In terms of exam preparation, teaching cognitive and metacognitive strategies’ is crucial.

Cognitive strategies explicitly support pupils to understand and learn. This might mean a teacher introducing new material in small steps to avoid cognitive overload, or teaching a pneumonic that helps pupils to remember new content. Both of these techniques are a key to supporting pupils with revision.

Metacognitive strategies help pupils to think about the learning process. They support pupils to plan, monitor and evaluate their own learning – perhaps involving asking pupils if they have the information that they need to begin a task, or asking them whether they are following the right strategy during a task.
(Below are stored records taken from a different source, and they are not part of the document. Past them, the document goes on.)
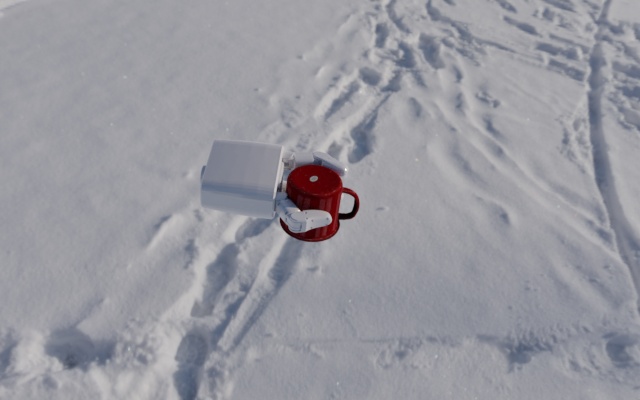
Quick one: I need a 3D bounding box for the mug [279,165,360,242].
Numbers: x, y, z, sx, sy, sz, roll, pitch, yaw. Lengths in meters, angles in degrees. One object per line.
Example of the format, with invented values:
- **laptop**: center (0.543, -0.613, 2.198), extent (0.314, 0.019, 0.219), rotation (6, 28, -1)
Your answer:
- **mug**: center (0.002, 0.002, 0.707), extent (0.117, 0.082, 0.093), rotation (6, 37, -3)
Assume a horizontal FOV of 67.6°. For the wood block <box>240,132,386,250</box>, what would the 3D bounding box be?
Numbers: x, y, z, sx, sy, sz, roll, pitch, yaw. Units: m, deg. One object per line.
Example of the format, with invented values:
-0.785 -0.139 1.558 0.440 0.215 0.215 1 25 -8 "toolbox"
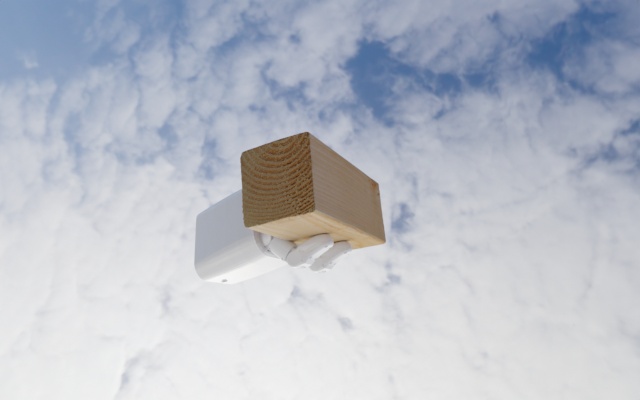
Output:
0.000 0.002 0.588 0.090 0.090 0.206 -14 -19 24 "wood block"
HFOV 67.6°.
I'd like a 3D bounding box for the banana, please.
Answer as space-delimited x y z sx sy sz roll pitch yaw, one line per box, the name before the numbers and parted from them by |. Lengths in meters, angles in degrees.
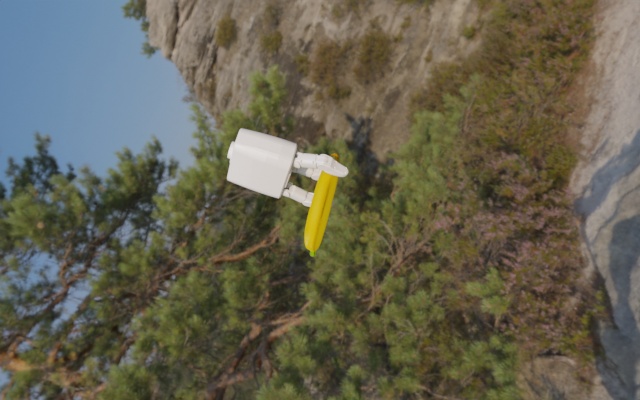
banana | 0.001 0.006 0.866 0.037 0.198 0.069 15 -1 -5
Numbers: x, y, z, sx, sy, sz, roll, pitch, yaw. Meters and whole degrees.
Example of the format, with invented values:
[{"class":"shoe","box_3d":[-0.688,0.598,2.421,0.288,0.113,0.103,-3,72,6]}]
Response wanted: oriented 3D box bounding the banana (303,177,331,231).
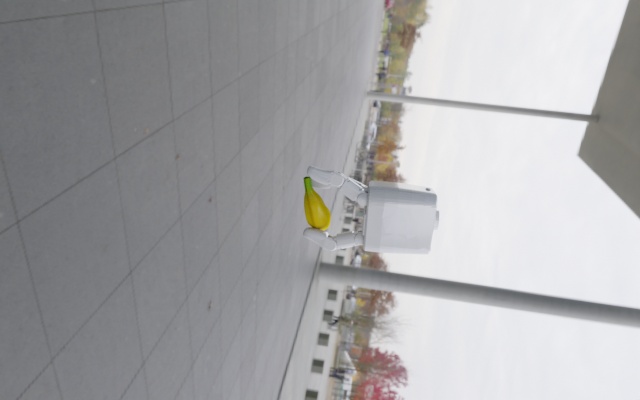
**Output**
[{"class":"banana","box_3d":[-0.002,0.020,0.824,0.037,0.069,0.198,2,-15,6]}]
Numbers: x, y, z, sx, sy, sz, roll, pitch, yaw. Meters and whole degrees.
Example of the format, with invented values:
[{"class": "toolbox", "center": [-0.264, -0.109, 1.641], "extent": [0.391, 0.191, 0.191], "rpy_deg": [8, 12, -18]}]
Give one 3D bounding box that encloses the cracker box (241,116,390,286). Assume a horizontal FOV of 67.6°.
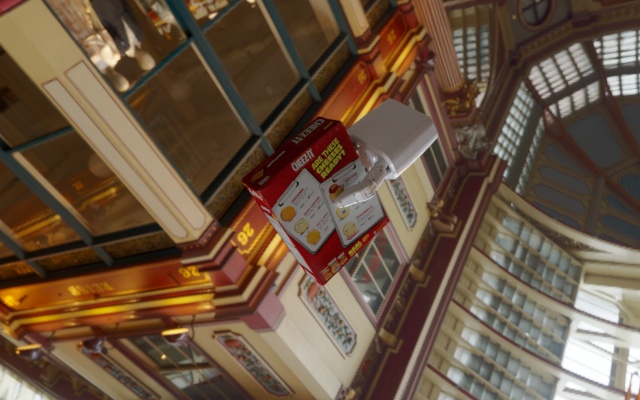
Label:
[{"class": "cracker box", "center": [0.000, 0.003, 0.753], "extent": [0.164, 0.214, 0.072], "rpy_deg": [-42, 35, -16]}]
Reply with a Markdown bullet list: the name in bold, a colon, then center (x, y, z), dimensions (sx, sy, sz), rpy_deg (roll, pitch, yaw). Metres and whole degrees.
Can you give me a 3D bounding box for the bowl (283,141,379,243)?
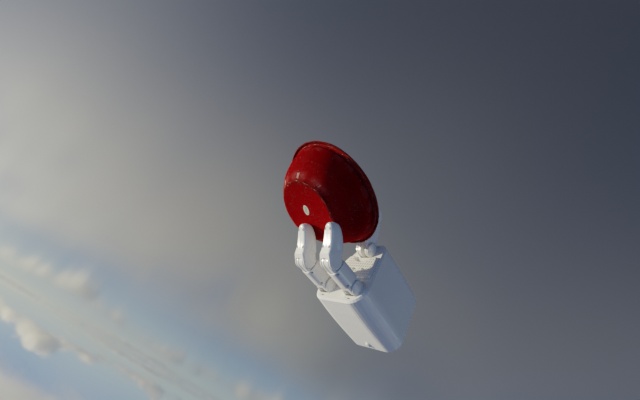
- **bowl**: center (-0.001, 0.001, 0.656), dimensions (0.055, 0.162, 0.162), rpy_deg (-35, 21, -35)
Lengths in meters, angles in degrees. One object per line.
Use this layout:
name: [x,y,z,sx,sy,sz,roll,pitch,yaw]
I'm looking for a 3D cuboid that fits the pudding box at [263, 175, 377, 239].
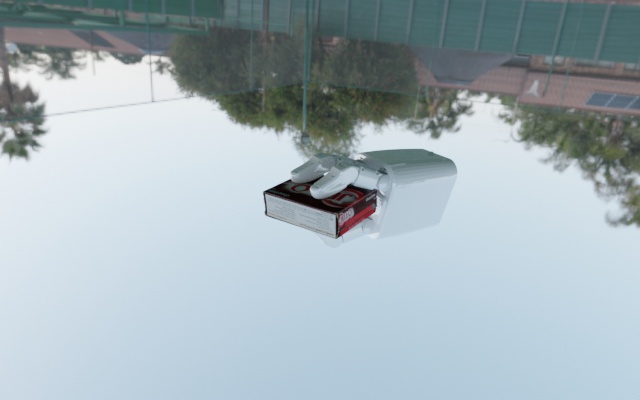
pudding box: [0.000,0.002,0.589,0.113,0.039,0.090,14,27,33]
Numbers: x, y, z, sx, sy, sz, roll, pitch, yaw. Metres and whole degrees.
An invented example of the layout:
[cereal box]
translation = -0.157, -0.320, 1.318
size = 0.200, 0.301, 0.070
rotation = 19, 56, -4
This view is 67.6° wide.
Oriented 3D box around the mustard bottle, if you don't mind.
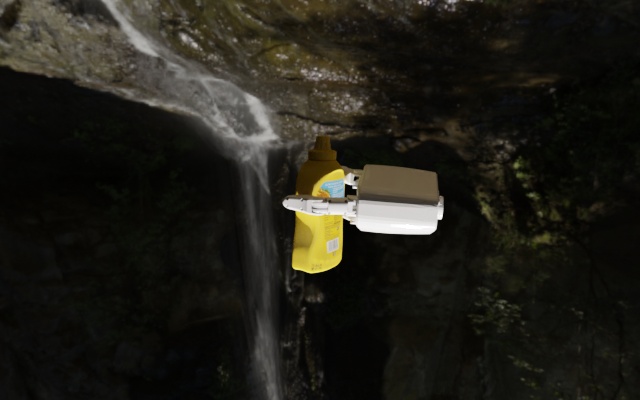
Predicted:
[mustard bottle]
translation = 0.000, 0.003, 0.697
size = 0.058, 0.192, 0.096
rotation = 10, 13, 32
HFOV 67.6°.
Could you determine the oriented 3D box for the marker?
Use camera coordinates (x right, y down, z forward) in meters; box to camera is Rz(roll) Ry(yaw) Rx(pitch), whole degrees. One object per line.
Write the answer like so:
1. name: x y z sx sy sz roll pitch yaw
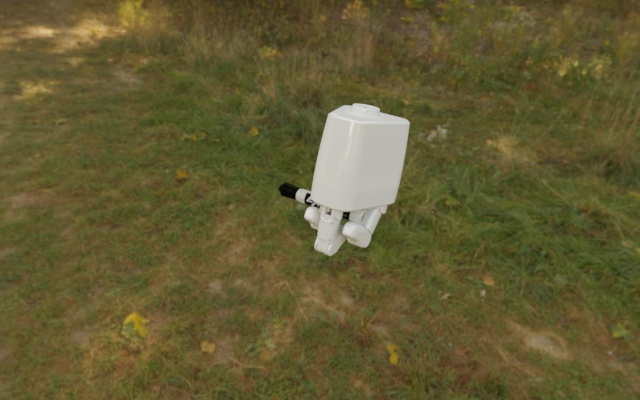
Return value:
1. marker: 0.000 0.002 0.592 0.121 0.020 0.020 20 8 25
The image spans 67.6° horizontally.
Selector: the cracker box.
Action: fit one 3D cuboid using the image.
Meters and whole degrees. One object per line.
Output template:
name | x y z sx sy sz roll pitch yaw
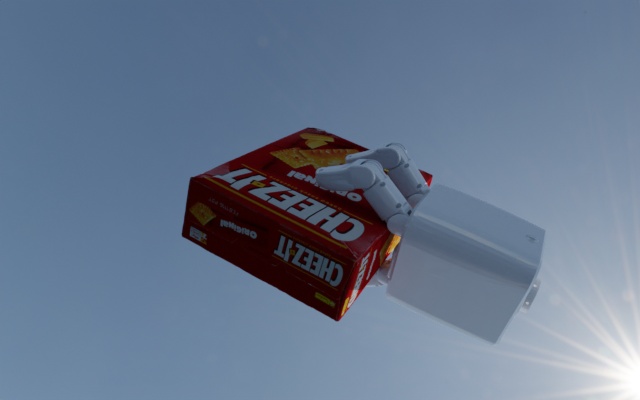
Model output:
cracker box | 0.000 0.002 0.473 0.164 0.072 0.213 24 29 19
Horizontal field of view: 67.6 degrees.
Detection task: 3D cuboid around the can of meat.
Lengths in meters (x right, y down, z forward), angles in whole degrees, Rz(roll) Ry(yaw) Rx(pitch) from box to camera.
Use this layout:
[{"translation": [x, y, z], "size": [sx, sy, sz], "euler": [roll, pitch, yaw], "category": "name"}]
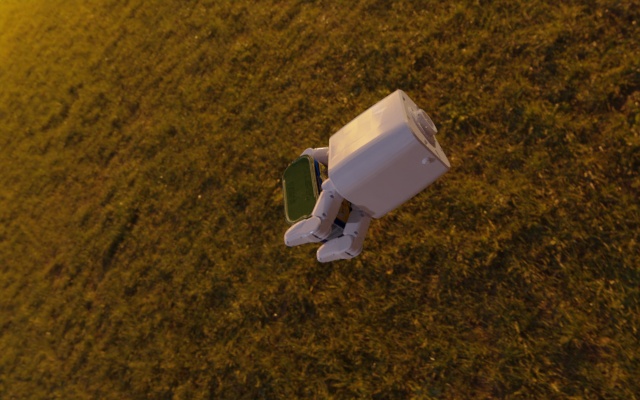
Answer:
[{"translation": [0.000, 0.002, 0.601], "size": [0.057, 0.102, 0.084], "euler": [-32, -44, 27], "category": "can of meat"}]
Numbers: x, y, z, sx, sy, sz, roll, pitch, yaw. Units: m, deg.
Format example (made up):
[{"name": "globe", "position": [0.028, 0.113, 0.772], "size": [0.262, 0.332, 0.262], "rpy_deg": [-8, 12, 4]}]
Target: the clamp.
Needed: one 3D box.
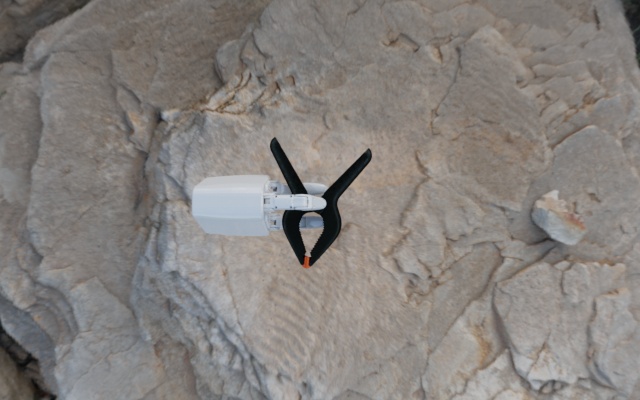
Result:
[{"name": "clamp", "position": [0.000, 0.003, 0.761], "size": [0.164, 0.210, 0.036], "rpy_deg": [0, -4, 2]}]
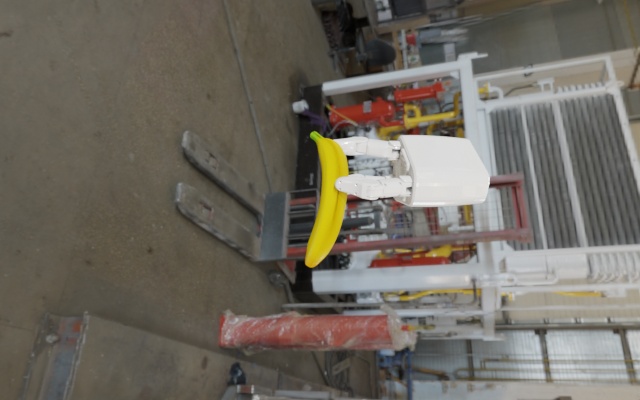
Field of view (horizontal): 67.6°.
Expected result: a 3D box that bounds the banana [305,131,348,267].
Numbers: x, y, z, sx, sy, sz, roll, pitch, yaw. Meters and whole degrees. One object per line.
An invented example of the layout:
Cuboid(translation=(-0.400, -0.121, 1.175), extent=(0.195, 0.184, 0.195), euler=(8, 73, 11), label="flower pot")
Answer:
Cuboid(translation=(0.010, -0.001, 0.674), extent=(0.037, 0.198, 0.069), euler=(5, -3, -30), label="banana")
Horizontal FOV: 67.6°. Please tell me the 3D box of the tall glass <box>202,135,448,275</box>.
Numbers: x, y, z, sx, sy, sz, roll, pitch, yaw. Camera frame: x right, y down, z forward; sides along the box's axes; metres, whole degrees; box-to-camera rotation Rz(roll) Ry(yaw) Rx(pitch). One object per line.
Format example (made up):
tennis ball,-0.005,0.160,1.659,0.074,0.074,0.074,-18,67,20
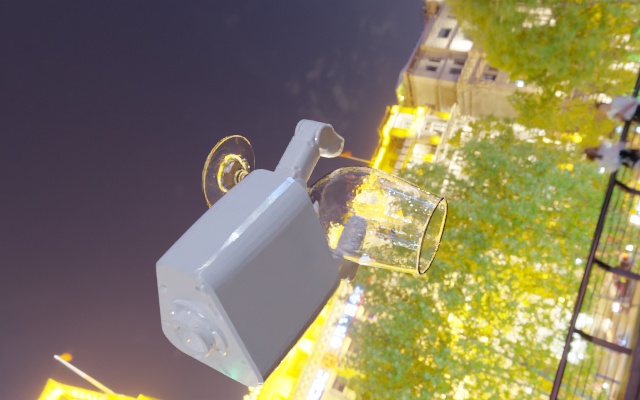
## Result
tall glass,0.000,0.001,0.404,0.201,0.079,0.079,17,7,26
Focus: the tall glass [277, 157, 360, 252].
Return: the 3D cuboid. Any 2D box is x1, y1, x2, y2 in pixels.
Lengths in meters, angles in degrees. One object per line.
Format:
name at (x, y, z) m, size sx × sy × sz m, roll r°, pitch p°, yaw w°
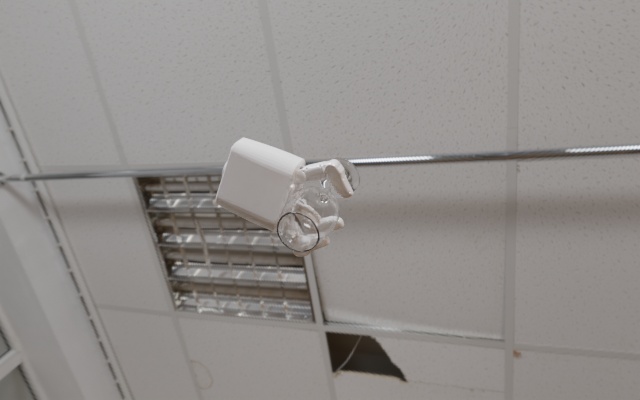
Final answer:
tall glass at (0.000, 0.002, 0.730) m, size 0.079 × 0.079 × 0.201 m, roll 0°, pitch 25°, yaw 20°
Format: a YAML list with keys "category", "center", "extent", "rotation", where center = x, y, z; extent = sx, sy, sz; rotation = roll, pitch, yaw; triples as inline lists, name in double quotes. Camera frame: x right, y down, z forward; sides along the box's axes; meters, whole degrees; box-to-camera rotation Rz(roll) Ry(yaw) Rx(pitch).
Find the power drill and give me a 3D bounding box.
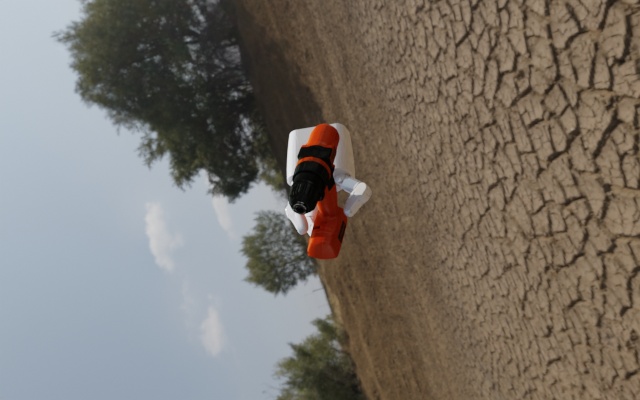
- category: "power drill"
  center: [0.000, 0.003, 0.736]
  extent: [0.057, 0.188, 0.184]
  rotation: [5, 43, 14]
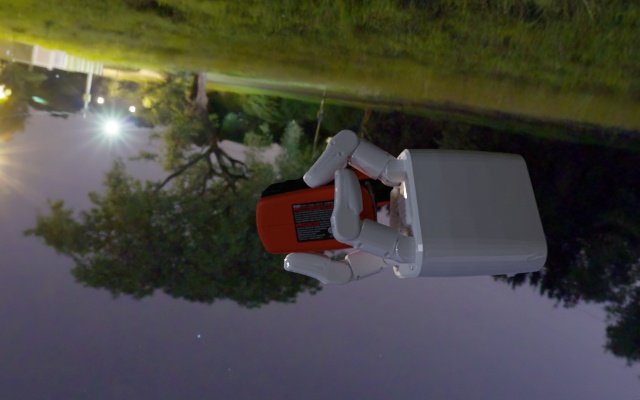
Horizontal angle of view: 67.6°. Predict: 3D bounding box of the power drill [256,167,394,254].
[{"bbox_3d":[0.000,0.002,0.502,0.184,0.057,0.187,-9,10,15],"label":"power drill"}]
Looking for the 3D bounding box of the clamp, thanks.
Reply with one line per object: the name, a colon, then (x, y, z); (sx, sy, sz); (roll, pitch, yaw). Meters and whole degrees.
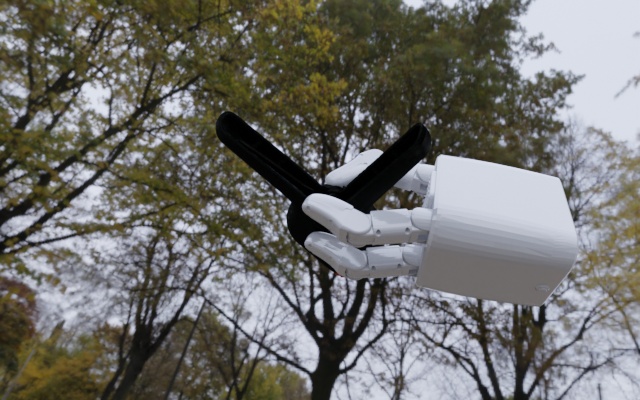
clamp: (0.001, 0.001, 0.424); (0.164, 0.036, 0.210); (11, -36, 10)
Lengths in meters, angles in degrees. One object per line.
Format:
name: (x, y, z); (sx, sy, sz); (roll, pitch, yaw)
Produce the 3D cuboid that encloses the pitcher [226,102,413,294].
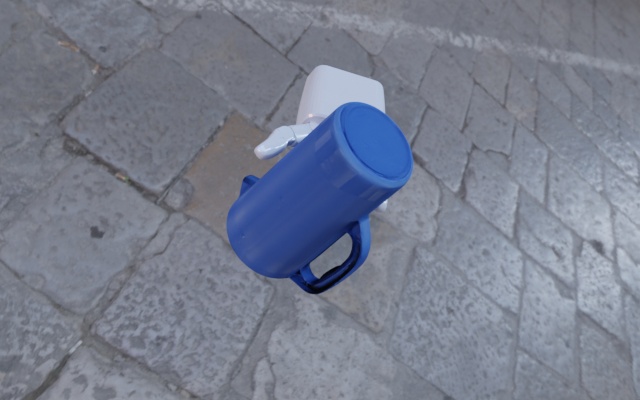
pitcher: (0.000, 0.002, 0.577); (0.149, 0.145, 0.243); (27, -41, -21)
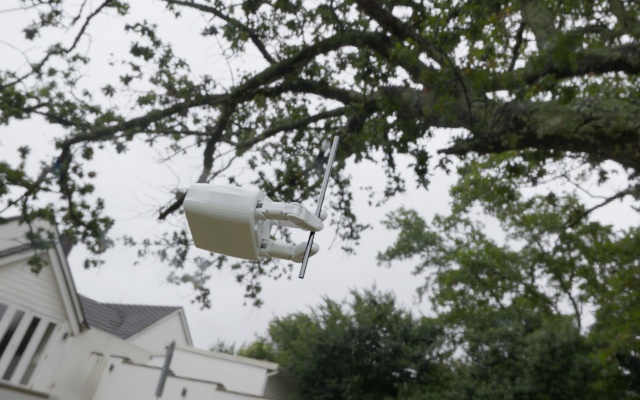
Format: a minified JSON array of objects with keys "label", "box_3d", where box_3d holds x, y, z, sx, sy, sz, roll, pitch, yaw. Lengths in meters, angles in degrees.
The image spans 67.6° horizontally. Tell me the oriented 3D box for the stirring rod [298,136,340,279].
[{"label":"stirring rod","box_3d":[0.000,0.002,0.703,0.011,0.239,0.011,11,-28,6]}]
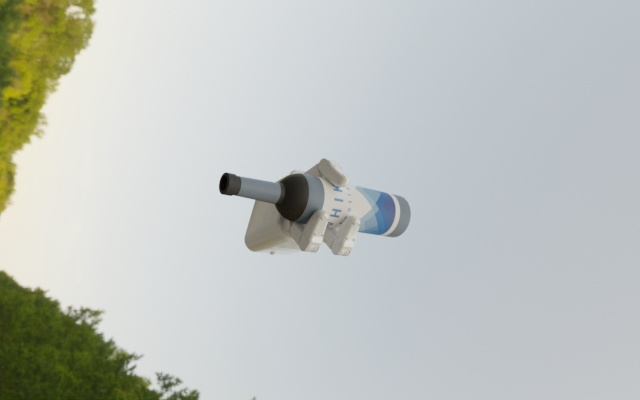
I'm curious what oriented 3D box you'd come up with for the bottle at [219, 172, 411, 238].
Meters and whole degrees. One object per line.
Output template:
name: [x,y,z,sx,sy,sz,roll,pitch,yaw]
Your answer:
bottle: [0.000,0.002,0.661,0.296,0.069,0.069,11,-7,-36]
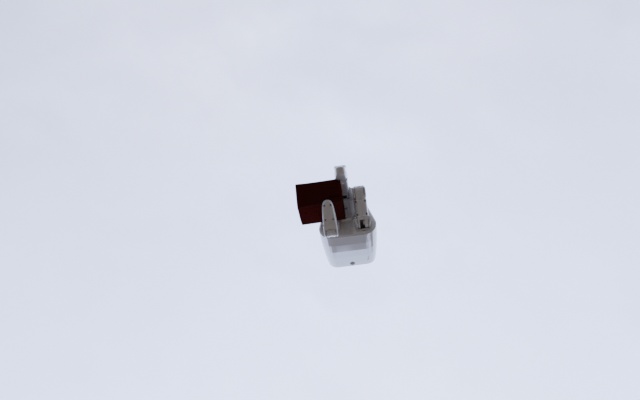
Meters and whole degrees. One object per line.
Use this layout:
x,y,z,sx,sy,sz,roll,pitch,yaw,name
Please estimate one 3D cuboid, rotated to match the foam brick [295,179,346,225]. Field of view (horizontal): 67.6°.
0.000,0.003,0.810,0.078,0.053,0.051,-7,-39,3,foam brick
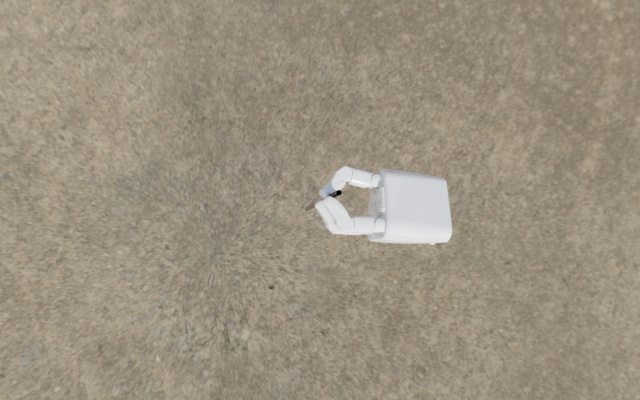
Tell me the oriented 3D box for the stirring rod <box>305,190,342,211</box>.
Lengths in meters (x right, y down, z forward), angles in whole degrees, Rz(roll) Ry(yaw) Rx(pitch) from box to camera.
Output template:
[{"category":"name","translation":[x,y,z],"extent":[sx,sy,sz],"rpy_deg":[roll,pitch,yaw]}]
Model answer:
[{"category":"stirring rod","translation":[0.000,0.003,0.775],"extent":[0.011,0.011,0.239],"rpy_deg":[0,-6,-12]}]

Come exam day though, the teacher is powerless to do more. They must be confident that, in the preceding weeks, they have faded their support so that all pupils are able to succeed in a testj, either completely on their own or with the limited support provided by an exam access arrangement.

How can teachers best fade their support?

The EEF’s Metacognition and Self-regulated learning guidance report’ gives teachers useful guidance, informed by the best available evidence, on how to fade support over time, which is pertinent for exam preparation:

The EEF’s ‘Metacognition and Self-regulated learning'

This promotes the importance of teacher-led tasks, before pupils are scaffolded towards working independently.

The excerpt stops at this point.